**Prompt**: The answer must be every entry below, word for word, with the pictures left out.
** Excerpted records follows **
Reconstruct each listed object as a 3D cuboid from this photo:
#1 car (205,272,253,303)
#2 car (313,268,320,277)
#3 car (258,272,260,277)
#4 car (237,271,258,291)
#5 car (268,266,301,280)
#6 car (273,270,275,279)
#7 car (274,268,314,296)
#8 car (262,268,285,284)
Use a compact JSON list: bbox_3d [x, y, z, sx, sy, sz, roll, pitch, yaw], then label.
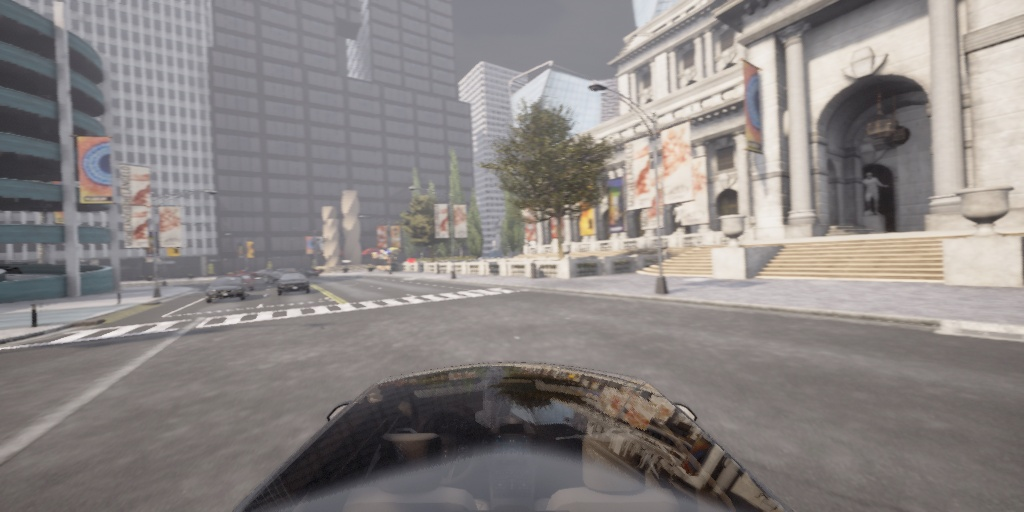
** End of Excerpted records **
**Worked solution**:
Reconstruct each listed object as a 3D cuboid from this photo:
#1 car (205,272,253,303)
#2 car (313,268,320,277)
#3 car (258,272,260,277)
#4 car (237,271,258,291)
#5 car (268,266,301,280)
#6 car (273,270,275,279)
#7 car (274,268,314,296)
#8 car (262,268,285,284)
Use a compact JSON list: bbox_3d [x, y, z, sx, sy, sz, roll, pitch, yaw], then label.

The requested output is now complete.